[Items from a dataset]
"""

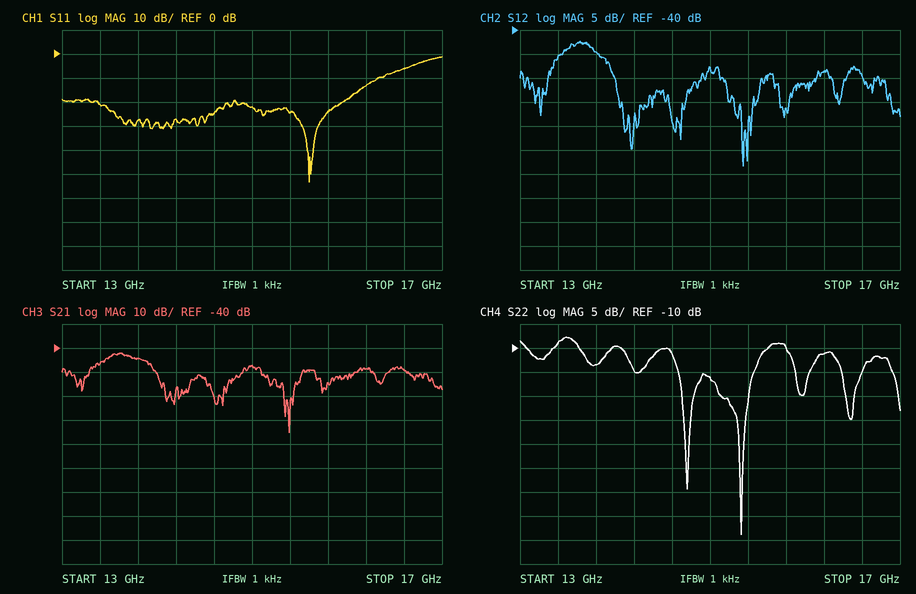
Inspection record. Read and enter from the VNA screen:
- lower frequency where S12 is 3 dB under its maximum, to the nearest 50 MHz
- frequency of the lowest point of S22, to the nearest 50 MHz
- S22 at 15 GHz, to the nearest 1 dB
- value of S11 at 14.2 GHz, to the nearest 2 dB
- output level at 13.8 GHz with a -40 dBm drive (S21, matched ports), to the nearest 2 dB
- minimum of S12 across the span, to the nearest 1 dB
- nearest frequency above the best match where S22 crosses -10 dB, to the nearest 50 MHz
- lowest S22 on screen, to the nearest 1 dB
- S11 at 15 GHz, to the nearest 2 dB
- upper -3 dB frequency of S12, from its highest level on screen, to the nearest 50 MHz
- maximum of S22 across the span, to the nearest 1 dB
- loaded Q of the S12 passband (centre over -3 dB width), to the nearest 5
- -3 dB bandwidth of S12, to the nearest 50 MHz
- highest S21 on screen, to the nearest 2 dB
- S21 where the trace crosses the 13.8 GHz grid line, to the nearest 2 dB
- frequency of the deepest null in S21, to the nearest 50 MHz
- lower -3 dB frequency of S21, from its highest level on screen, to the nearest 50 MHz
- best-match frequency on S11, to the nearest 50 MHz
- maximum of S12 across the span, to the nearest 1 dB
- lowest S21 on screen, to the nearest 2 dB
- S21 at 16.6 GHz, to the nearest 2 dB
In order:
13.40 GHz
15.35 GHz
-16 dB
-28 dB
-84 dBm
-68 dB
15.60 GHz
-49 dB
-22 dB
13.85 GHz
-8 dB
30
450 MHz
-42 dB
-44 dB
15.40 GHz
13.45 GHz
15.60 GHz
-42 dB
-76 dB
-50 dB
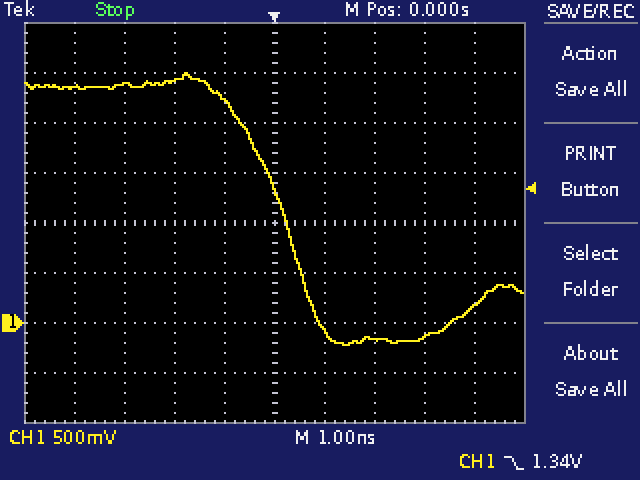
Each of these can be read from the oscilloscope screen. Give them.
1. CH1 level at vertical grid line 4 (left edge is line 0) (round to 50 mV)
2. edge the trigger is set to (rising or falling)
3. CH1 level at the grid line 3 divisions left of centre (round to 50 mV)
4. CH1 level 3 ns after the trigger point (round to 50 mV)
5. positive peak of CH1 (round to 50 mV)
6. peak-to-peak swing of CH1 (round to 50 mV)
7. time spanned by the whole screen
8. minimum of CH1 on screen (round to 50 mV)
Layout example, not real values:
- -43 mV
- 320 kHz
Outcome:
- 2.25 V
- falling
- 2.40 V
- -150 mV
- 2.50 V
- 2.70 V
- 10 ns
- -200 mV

"""

## REQUIRED WORK
Look through the entries above, and wherever a line holds the word "minimum", copy it.

## FINISHED EXERCISE
- minimum of S12 across the span, to the nearest 1 dB
8. minimum of CH1 on screen (round to 50 mV)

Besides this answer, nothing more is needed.